First, start follow the instructions above to start the head container on your first Spark, and node container on the second Spark.
Then, on the first Spark, run vllm like this:

```bash
docker exec -it vllm_node bash -i -c "vllm serve RedHatAI/Qwen3-VL-235B-A22B-Instruct-NVFP4 --port 8888 --host 0.0.0.0 --gpu-memory-utilization 0.7 -tp 2 --distributed-executor-backend ray --max-model-len 32768"
```

Alternatively, run an interactive shell first:

```bash
docker exec -it vllm_node
```

And execute vllm command inside.

## 7\. Fastsafetensors

This build includes support for fastsafetensors loading which significantly improves loading speeds, especially on DGX Spark where MMAP performance is very poor currently.
[Fasttensors](https://github.com/foundation-model-stack/fastsafetensors/) solve this issue by using more efficient multi-threaded loading while avoiding mmap.

This build also implements an EXPERIMENTAL patch to allow use of fastsafetensors in a cluster configuration (it won't work without it!).
Please refer to [this issue](https://github.com/foundation-model-stack/fastsafetensors/issues/36) for the details.
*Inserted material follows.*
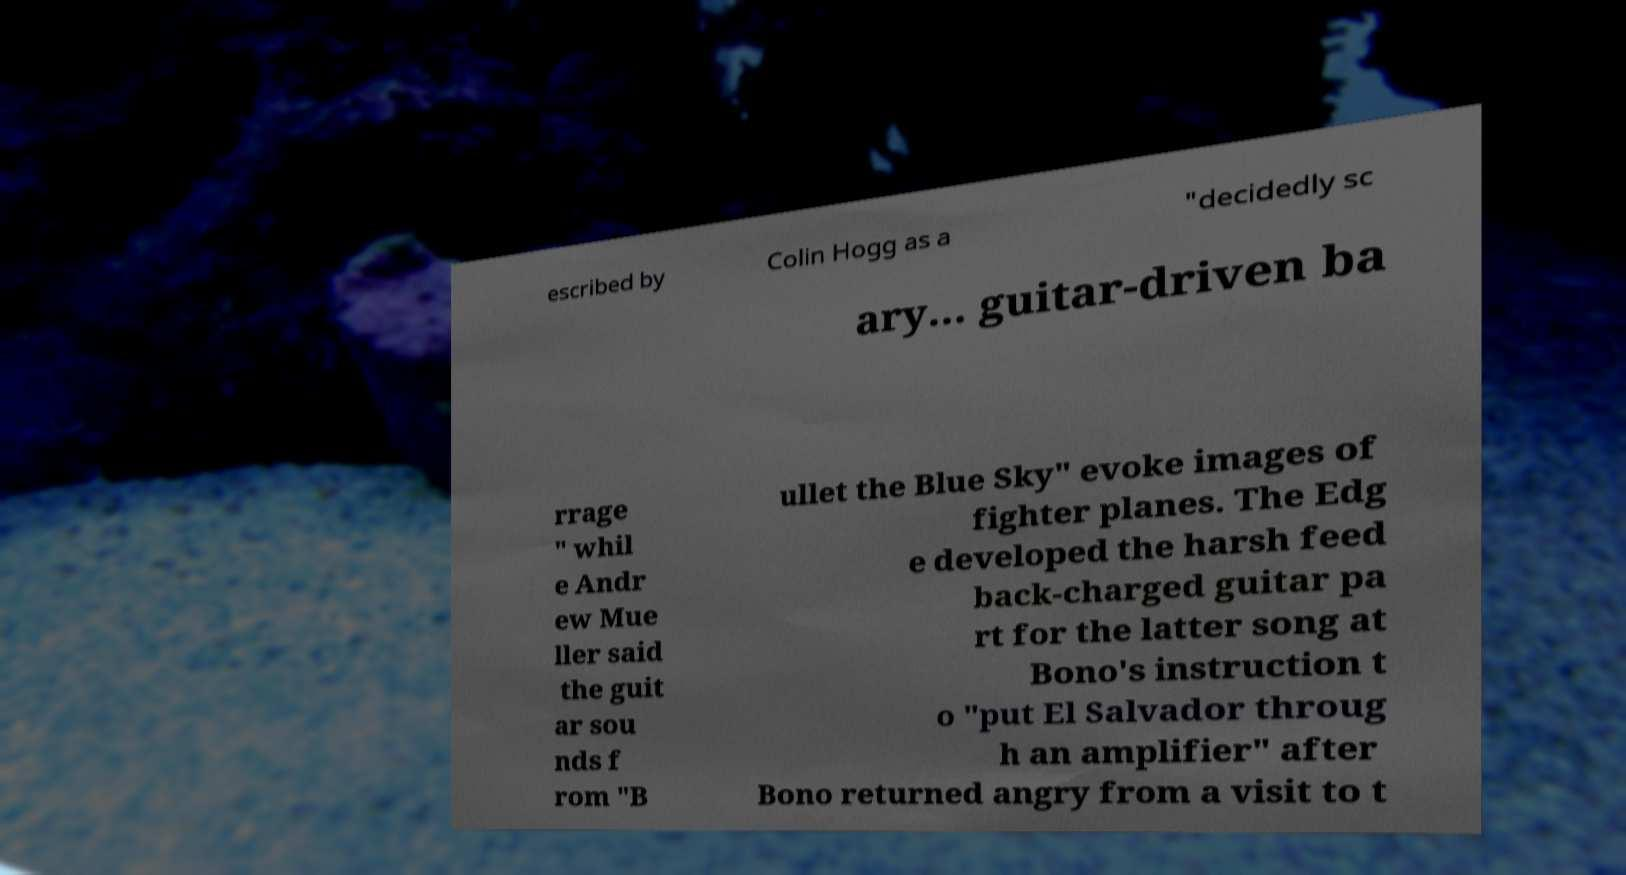I need the written content from this picture converted into text. Can you do that? escribed by Colin Hogg as a "decidedly sc ary... guitar-driven ba rrage " whil e Andr ew Mue ller said the guit ar sou nds f rom "B ullet the Blue Sky" evoke images of fighter planes. The Edg e developed the harsh feed back-charged guitar pa rt for the latter song at Bono's instruction t o "put El Salvador throug h an amplifier" after Bono returned angry from a visit to t

To use this method, simply include `--load-format fastsafetensors` when running VLLM, for example:

```bash
HF_HUB_OFFLINE=1 vllm serve openai/gpt-oss-120b --port 8888 --host 0.0.0.0 --trust_remote_code --swap-space 16 --gpu-memory-utilization 0.7 -tp 2 --distributed-executor-backend ray --load-format fastsafetensors
```

## 8\. Benchmarking

Follow the guidance in [VLLM Benchmark Suites](https://docs.vllm.ai/en/latest/contributing/benchmarks/) to download benchmarking dataset, and then run a benchmark with a command like this (assuming you are running on head node, otherwise specify `--host` parameter):

```bash 
vllm bench serve \
  --backend vllm \
  --model RedHatAI/Qwen3-VL-235B-A22B-Instruct-NVFP4 \
  --endpoint /v1/completions   --dataset-name sharegpt \
  --dataset-path ShareGPT_V3_unfiltered_cleaned_split.json \
  --num-prompts 1 \
  --port 8888 
```

Modify `--num-prompts` to benchmark concurrent requests - the command above will give you single request performance.

### Hardware Architecture

**Note:** The Dockerfile defaults to `TORCH_CUDA_ARCH_LIST=12.1a` (NVIDIA GB10). If you are using different hardware, update the `ENV` variable in the Dockerfile before building.